To do
Reproduce every record verbatim but drop the pictures.

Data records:
※
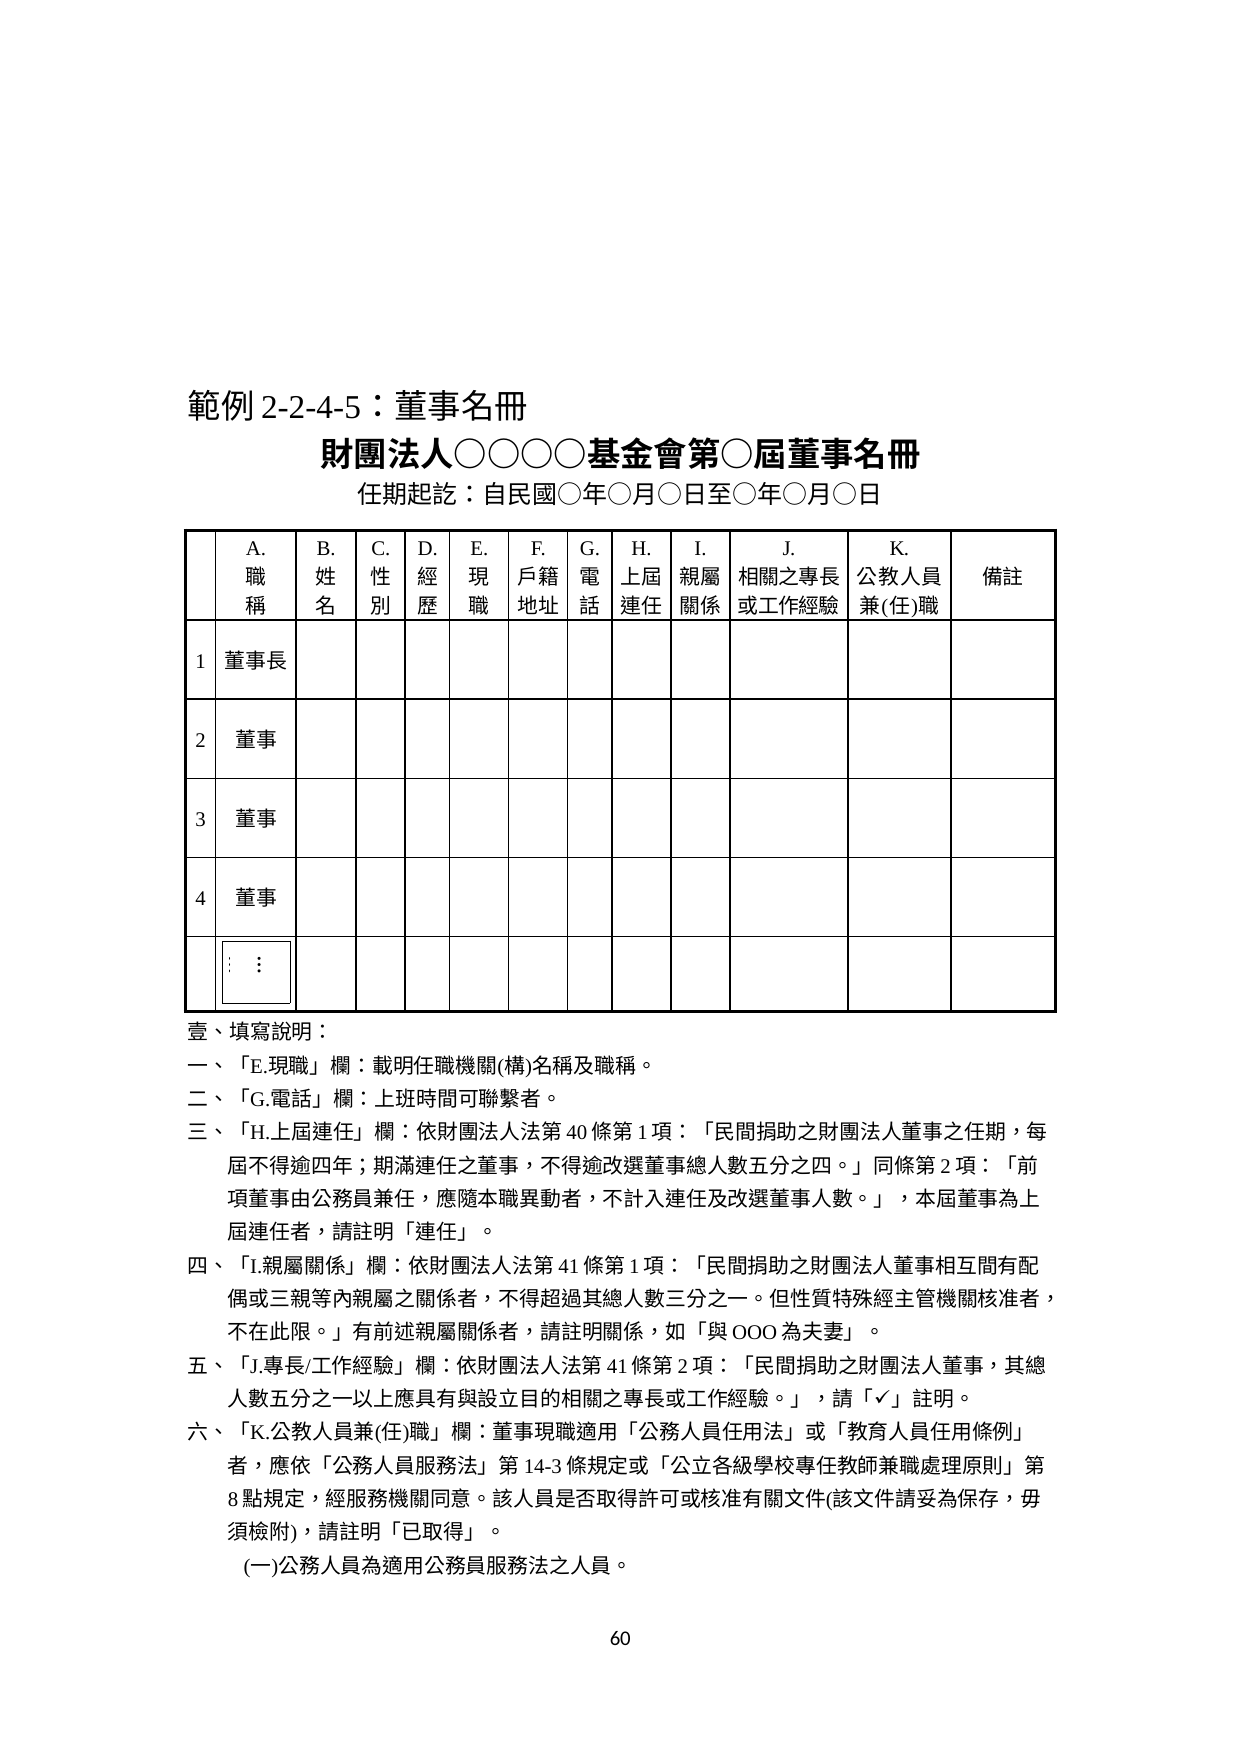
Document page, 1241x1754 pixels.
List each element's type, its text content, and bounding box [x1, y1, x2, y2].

table_cell [406, 858, 449, 936]
table_cell [613, 700, 670, 777]
table_cell [672, 858, 729, 936]
table_cell [509, 621, 567, 698]
table_header C. 性 別 [357, 532, 404, 619]
table_cell [406, 621, 449, 698]
table_cell [672, 700, 729, 777]
table_cell [613, 779, 670, 857]
table_cell [406, 700, 449, 777]
table_cell [568, 700, 611, 777]
text 五、「J.專長/工作經驗」欄：依財團法人法第41條第2項：「民間捐助之財團法人董事，其總人數五分之一以上應具有與設立目的相關之專長或工作經驗。」，請「ü」註明。 [187, 1346, 1053, 1413]
text 任期起訖：自民國○年○月○日至○年○月○日 [187, 476, 1053, 510]
table_cell [406, 779, 449, 857]
table_cell [952, 621, 1054, 698]
table_cell [187, 937, 215, 1010]
table_cell 2 [187, 700, 215, 777]
text 三、「H.上屆連任」欄：依財團法人法第40條第1項：「民間捐助之財團法人董事之任期，每屆不得逾四年；期滿連任之董事，不得逾改選董事總人數五分之四。」同條第2項：「前項董事由公務員兼任，應隨本職異動者，不計入連任及改選董事人數。」，本屆董事為上屆連任者，請註明「連任」。 [187, 1113, 1053, 1246]
table_cell [509, 937, 567, 1010]
table_cell [357, 858, 404, 936]
table_cell 董事 [216, 700, 295, 777]
table_cell [952, 937, 1054, 1010]
table_cell [216, 937, 295, 1010]
table_cell [450, 700, 508, 777]
table_cell [731, 621, 847, 698]
table_header I. 親屬關係 [672, 532, 729, 619]
table_cell 董事 [216, 779, 295, 857]
text 四、「I.親屬關係」欄：依財團法人法第41條第1項：「民間捐助之財團法人董事相互間有配偶或三親等內親屬之關係者，不得超過其總人數三分之一。但性質特殊經主管機關核准者，不在此限。」有前述親屬關係者，請註明關係，如「與OOO為夫妻」。 [187, 1246, 1053, 1346]
table_cell [297, 937, 355, 1010]
table_cell [568, 779, 611, 857]
table_cell [450, 779, 508, 857]
table_cell [613, 621, 670, 698]
table_cell [357, 700, 404, 777]
table_cell [406, 937, 449, 1010]
table_cell [357, 937, 404, 1010]
table_cell [952, 700, 1054, 777]
text 二、「G.電話」欄：上班時間可聯繫者。 [187, 1080, 1053, 1113]
table_cell [297, 700, 355, 777]
table_cell [297, 779, 355, 857]
table_cell 1 [187, 621, 215, 698]
table_cell [297, 621, 355, 698]
table_cell [849, 621, 950, 698]
text (一)公務人員為適用公務員服務法之人員。 [187, 1546, 1053, 1580]
text 一、「E.現職」欄：載明任職機關(構)名稱及職稱。 [187, 1046, 1053, 1080]
table_header H. 上屆連任 [613, 532, 670, 619]
table_header D.經 歷 [406, 532, 449, 619]
table_cell [357, 621, 404, 698]
table_header J. 相關之專長或工作經驗 [731, 532, 847, 619]
table_header 備註 [952, 532, 1054, 619]
table_header B. 姓 名 [297, 532, 355, 619]
table_cell 4 [187, 858, 215, 936]
table_cell [568, 858, 611, 936]
table_cell [731, 937, 847, 1010]
table_cell [613, 937, 670, 1010]
table_cell [568, 621, 611, 698]
table_header K. 公教人員兼(任)職 [849, 532, 950, 619]
table_cell [613, 858, 670, 936]
text 六、「K.公教人員兼(任)職」欄：董事現職適用「公務人員任用法」或「教育人員任用條例」者，應依「公務人員服務法」第14-3條規定或「公立各級學校專任教師兼職處理原則」第8點規定，經服務機關同意。該人員是否取得許可或核准有關文件(該文件請妥為保存，毋須檢附)，請註明「已取得」。 [187, 1413, 1053, 1546]
table_cell [297, 858, 355, 936]
table_cell [672, 937, 729, 1010]
table_header [187, 532, 215, 619]
table_cell [849, 779, 950, 857]
table_cell [672, 779, 729, 857]
table_cell [450, 858, 508, 936]
table_cell [731, 858, 847, 936]
table_cell 3 [187, 779, 215, 857]
text 壹、填寫說明： [187, 1013, 1053, 1046]
table_cell [509, 700, 567, 777]
table_cell 董事 [216, 858, 295, 936]
table_cell [849, 700, 950, 777]
table_header A. 職 稱 [216, 532, 295, 619]
table_header E. 現 職 [450, 532, 508, 619]
table_cell [672, 621, 729, 698]
table_cell [357, 779, 404, 857]
table_cell [849, 937, 950, 1010]
table_cell [731, 779, 847, 857]
table_cell [509, 779, 567, 857]
table_cell [568, 937, 611, 1010]
table_cell [952, 858, 1054, 936]
text 財團法人○○○○基金會第○屆董事名冊 [187, 428, 1053, 476]
subtitle 範例2-2-4-5：董事名冊 [187, 380, 1053, 428]
table_cell [849, 858, 950, 936]
table_header G.電話 [568, 532, 611, 619]
table_cell [952, 779, 1054, 857]
table_cell [450, 621, 508, 698]
table_header F. 戶籍 地址 [509, 532, 567, 619]
table_cell [731, 700, 847, 777]
table_cell 董事長 [216, 621, 295, 698]
table_cell [509, 858, 567, 936]
table_cell [450, 937, 508, 1010]
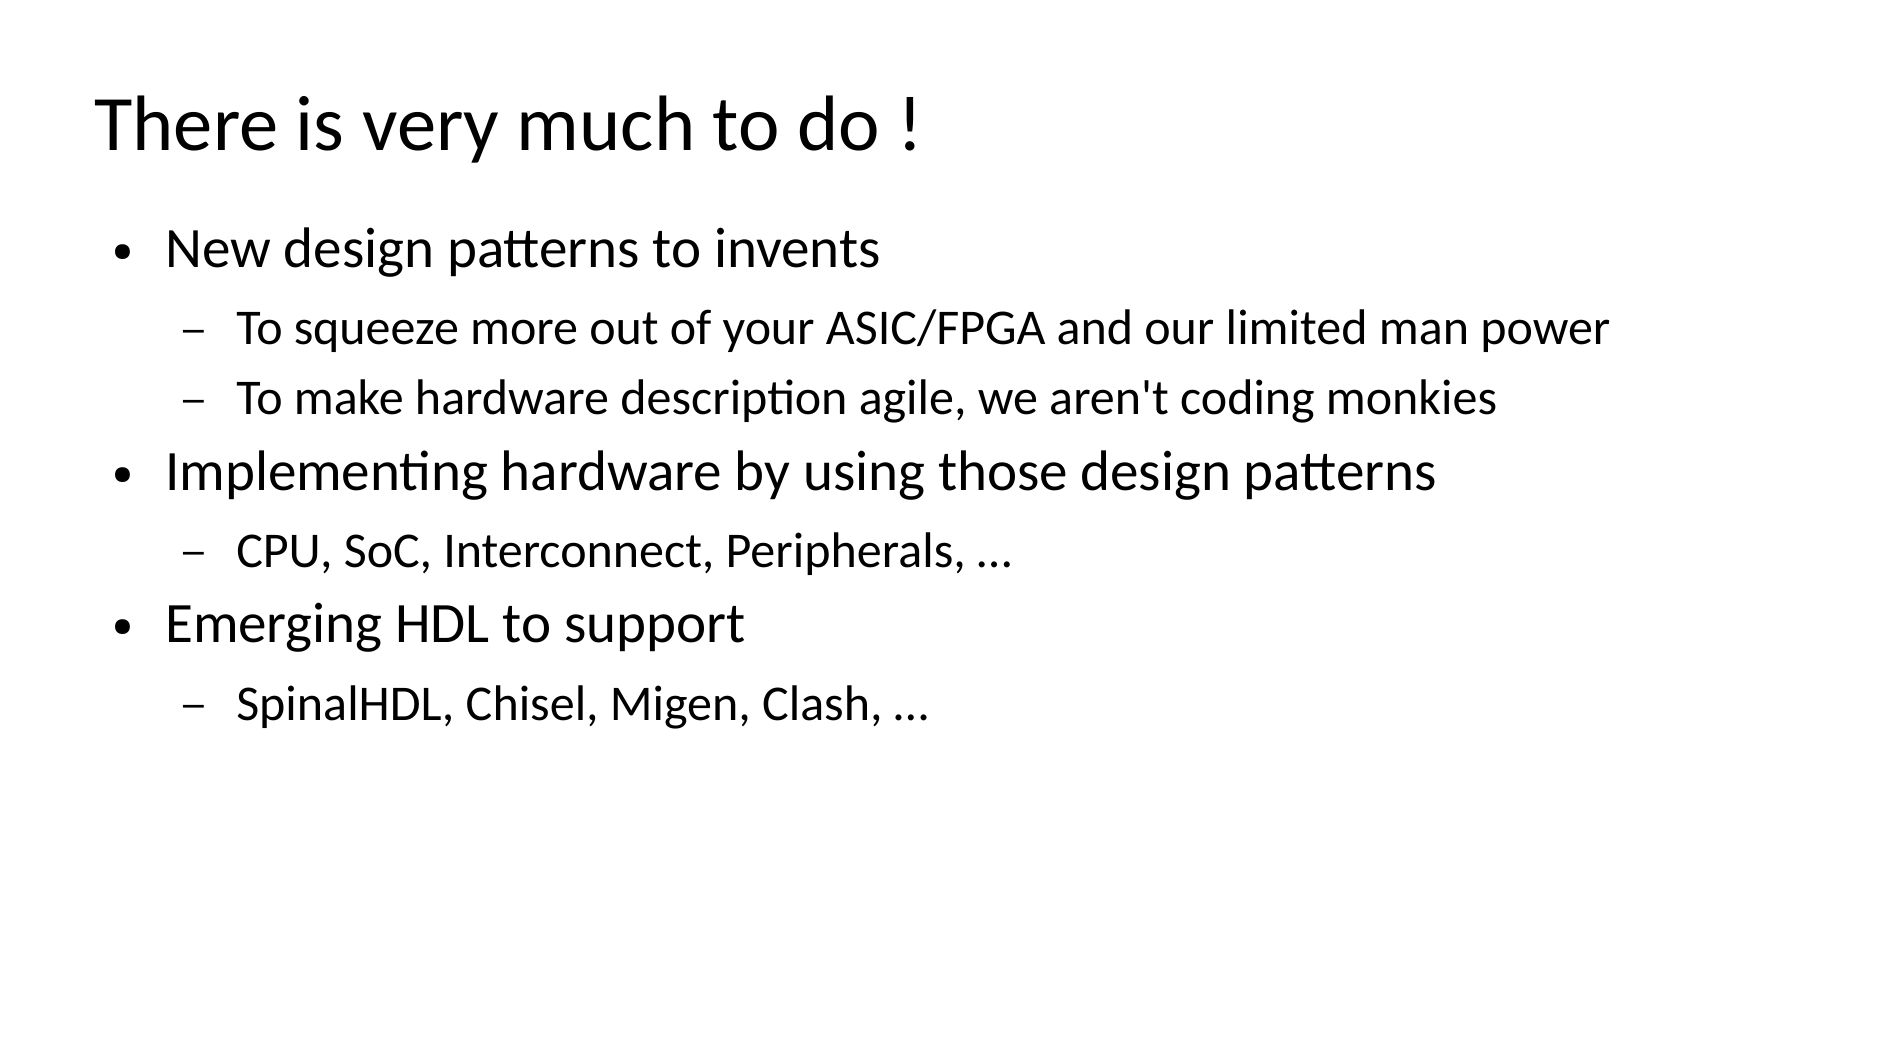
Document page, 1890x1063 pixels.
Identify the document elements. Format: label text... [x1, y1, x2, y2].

title There is very much to do ! [94, 42, 1796, 220]
list New design patterns to invents To squeeze more out of your ASIC/FPGA and our limited man power To make hardware description agile, we aren't coding monkies Implementing hardware by using those design patterns CPU, SoC, Interconnect, Peripherals, … Emerging HDL to support SpinalHDL, Chisel, Migen, Clash, … [94, 225, 1843, 1004]
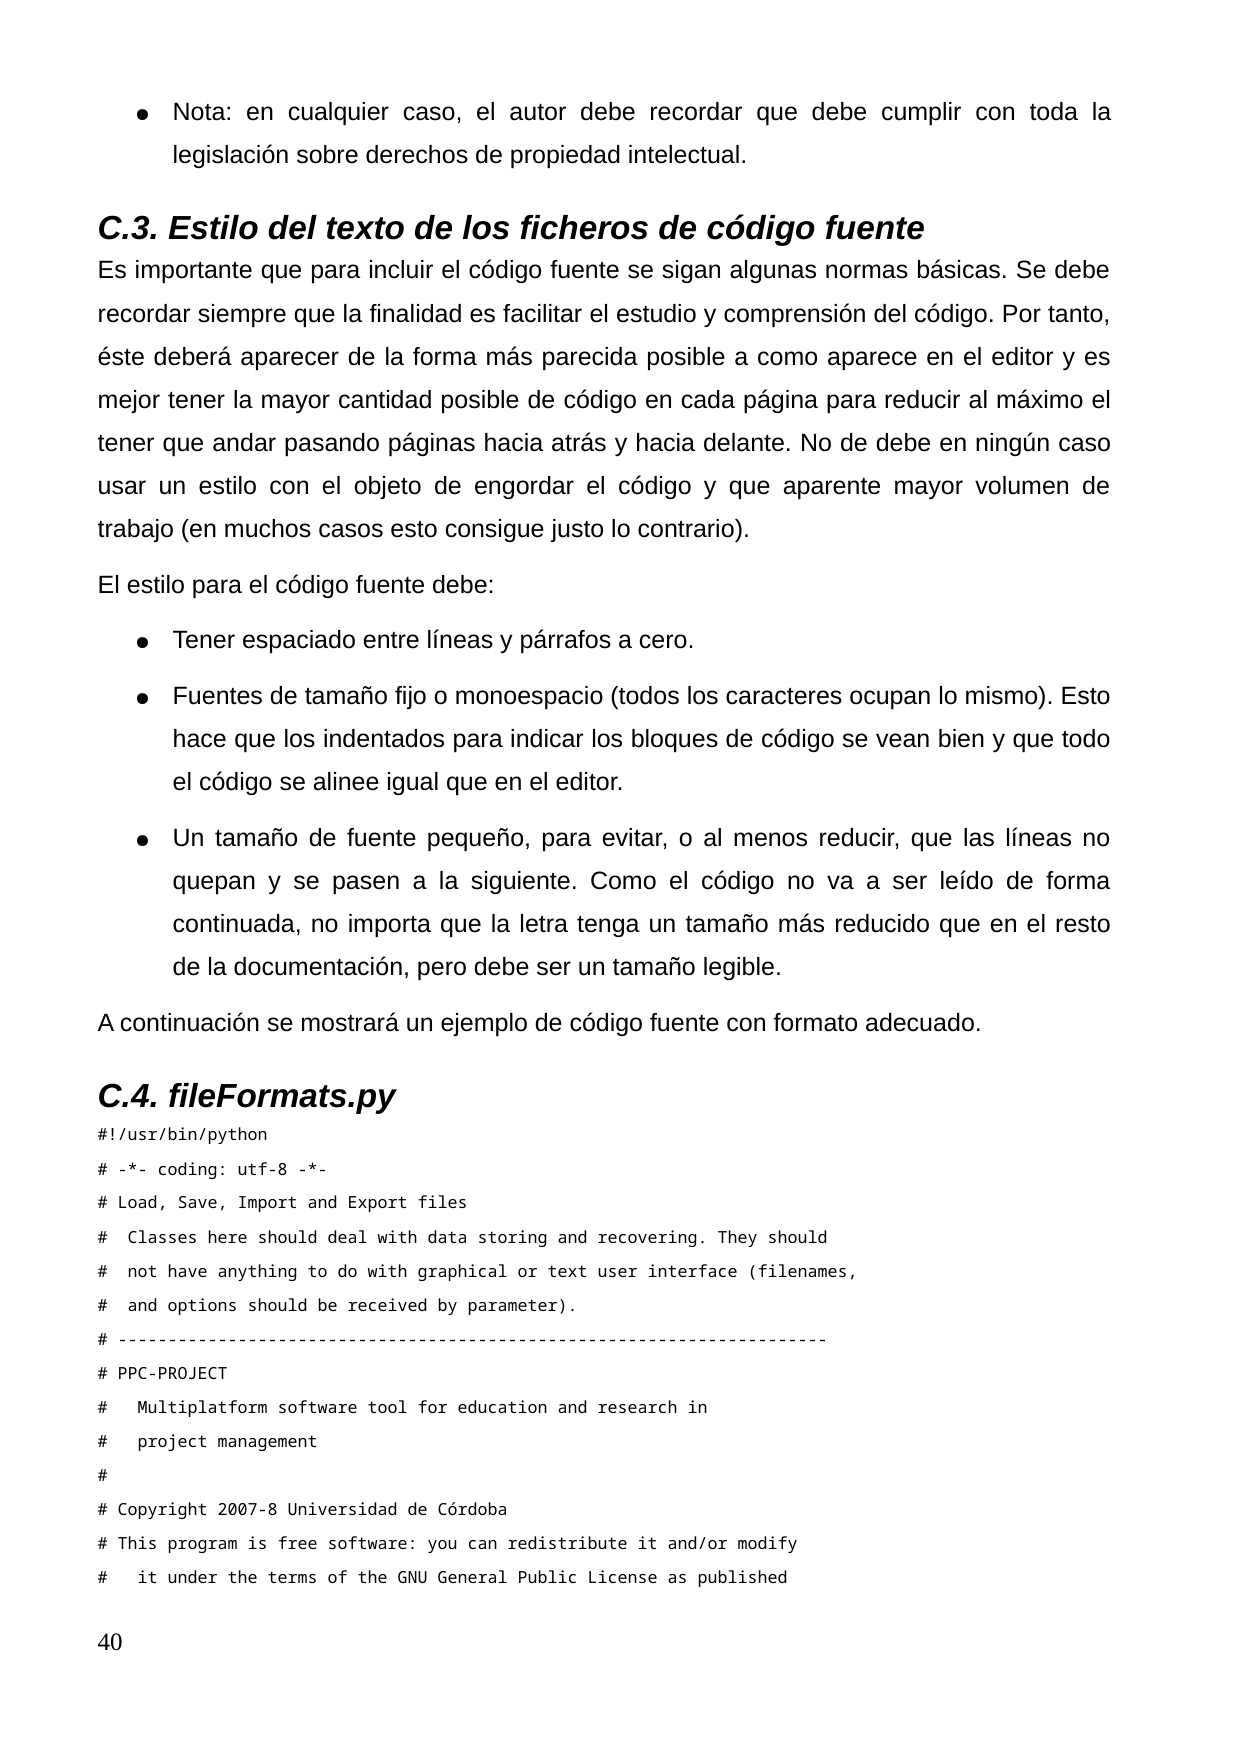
※
Your response
Document page, 1241x1754 pixels.
List each element's type, its text content, and bounding box [x1, y1, x2, y2].

table_cell [406, 858, 449, 936]
table_cell [613, 700, 670, 777]
table_cell [672, 858, 729, 936]
table_cell [509, 621, 567, 698]
table_header C. 性 別 [357, 532, 404, 619]
table_cell [406, 621, 449, 698]
table_cell [672, 700, 729, 777]
table_cell [613, 779, 670, 857]
table_cell [406, 700, 449, 777]
table_cell [568, 700, 611, 777]
text 五、「J.專長/工作經驗」欄：依財團法人法第41條第2項：「民間捐助之財團法人董事，其總人數五分之一以上應具有與設立目的相關之專長或工作經驗。」，請「ü」註明。 [187, 1346, 1053, 1413]
text 任期起訖：自民國○年○月○日至○年○月○日 [187, 476, 1053, 510]
table_cell [406, 779, 449, 857]
table_cell [952, 621, 1054, 698]
table_cell [187, 937, 215, 1010]
table_cell 2 [187, 700, 215, 777]
text 三、「H.上屆連任」欄：依財團法人法第40條第1項：「民間捐助之財團法人董事之任期，每屆不得逾四年；期滿連任之董事，不得逾改選董事總人數五分之四。」同條第2項：「前項董事由公務員兼任，應隨本職異動者，不計入連任及改選董事人數。」，本屆董事為上屆連任者，請註明「連任」。 [187, 1113, 1053, 1246]
table_cell [509, 937, 567, 1010]
table_cell [357, 858, 404, 936]
table_cell 董事 [216, 700, 295, 777]
table_cell [952, 937, 1054, 1010]
table_cell [216, 937, 295, 1010]
table_cell [450, 700, 508, 777]
table_cell [731, 621, 847, 698]
table_header I. 親屬關係 [672, 532, 729, 619]
table_cell 董事 [216, 779, 295, 857]
text 四、「I.親屬關係」欄：依財團法人法第41條第1項：「民間捐助之財團法人董事相互間有配偶或三親等內親屬之關係者，不得超過其總人數三分之一。但性質特殊經主管機關核准者，不在此限。」有前述親屬關係者，請註明關係，如「與OOO為夫妻」。 [187, 1246, 1053, 1346]
table_cell [297, 937, 355, 1010]
table_cell [568, 779, 611, 857]
table_cell [450, 779, 508, 857]
table_cell [613, 621, 670, 698]
table_cell [357, 700, 404, 777]
table_cell [406, 937, 449, 1010]
table_cell [357, 937, 404, 1010]
table_cell [952, 700, 1054, 777]
text 二、「G.電話」欄：上班時間可聯繫者。 [187, 1080, 1053, 1113]
table_cell [297, 700, 355, 777]
table_cell [297, 779, 355, 857]
table_cell 1 [187, 621, 215, 698]
table_cell [297, 621, 355, 698]
table_cell [849, 621, 950, 698]
text (一)公務人員為適用公務員服務法之人員。 [187, 1546, 1053, 1580]
text 一、「E.現職」欄：載明任職機關(構)名稱及職稱。 [187, 1046, 1053, 1080]
table_header H. 上屆連任 [613, 532, 670, 619]
table_header D.經 歷 [406, 532, 449, 619]
table_cell [357, 621, 404, 698]
table_header J. 相關之專長或工作經驗 [731, 532, 847, 619]
table_header 備註 [952, 532, 1054, 619]
table_header B. 姓 名 [297, 532, 355, 619]
table_cell 4 [187, 858, 215, 936]
table_cell [568, 858, 611, 936]
table_cell [731, 937, 847, 1010]
table_cell [613, 937, 670, 1010]
table_cell [568, 621, 611, 698]
table_header K. 公教人員兼(任)職 [849, 532, 950, 619]
table_cell [613, 858, 670, 936]
text 六、「K.公教人員兼(任)職」欄：董事現職適用「公務人員任用法」或「教育人員任用條例」者，應依「公務人員服務法」第14-3條規定或「公立各級學校專任教師兼職處理原則」第8點規定，經服務機關同意。該人員是否取得許可或核准有關文件(該文件請妥為保存，毋須檢附)，請註明「已取得」。 [187, 1413, 1053, 1546]
table_cell [297, 858, 355, 936]
table_cell [672, 937, 729, 1010]
table_header [187, 532, 215, 619]
table_cell [849, 779, 950, 857]
table_cell [672, 779, 729, 857]
table_cell [450, 858, 508, 936]
table_cell [731, 858, 847, 936]
table_cell 3 [187, 779, 215, 857]
text 壹、填寫說明： [187, 1013, 1053, 1046]
table_cell [509, 700, 567, 777]
table_cell 董事 [216, 858, 295, 936]
table_cell [849, 700, 950, 777]
table_header A. 職 稱 [216, 532, 295, 619]
table_header E. 現 職 [450, 532, 508, 619]
table_cell [672, 621, 729, 698]
table_cell [357, 779, 404, 857]
table_cell [849, 937, 950, 1010]
table_cell [731, 779, 847, 857]
table_cell [509, 779, 567, 857]
table_cell [568, 937, 611, 1010]
table_cell [952, 858, 1054, 936]
text 財團法人○○○○基金會第○屆董事名冊 [187, 428, 1053, 476]
subtitle 範例2-2-4-5：董事名冊 [187, 380, 1053, 428]
table_cell [849, 858, 950, 936]
table_header G.電話 [568, 532, 611, 619]
table_cell [952, 779, 1054, 857]
table_cell [450, 621, 508, 698]
table_header F. 戶籍 地址 [509, 532, 567, 619]
table_cell [731, 700, 847, 777]
table_cell 董事長 [216, 621, 295, 698]
table_cell [509, 858, 567, 936]
table_cell [450, 937, 508, 1010]
Document page, 1890x1063 pixels.
Identify the document elements. Format: label text... [x1, y1, x2, y2].

title There is very much to do ! [94, 42, 1796, 220]
list New design patterns to invents To squeeze more out of your ASIC/FPGA and our limited man power To make hardware description agile, we aren't coding monkies Implementing hardware by using those design patterns CPU, SoC, Interconnect, Peripherals, … Emerging HDL to support SpinalHDL, Chisel, Migen, Clash, … [94, 225, 1843, 1004]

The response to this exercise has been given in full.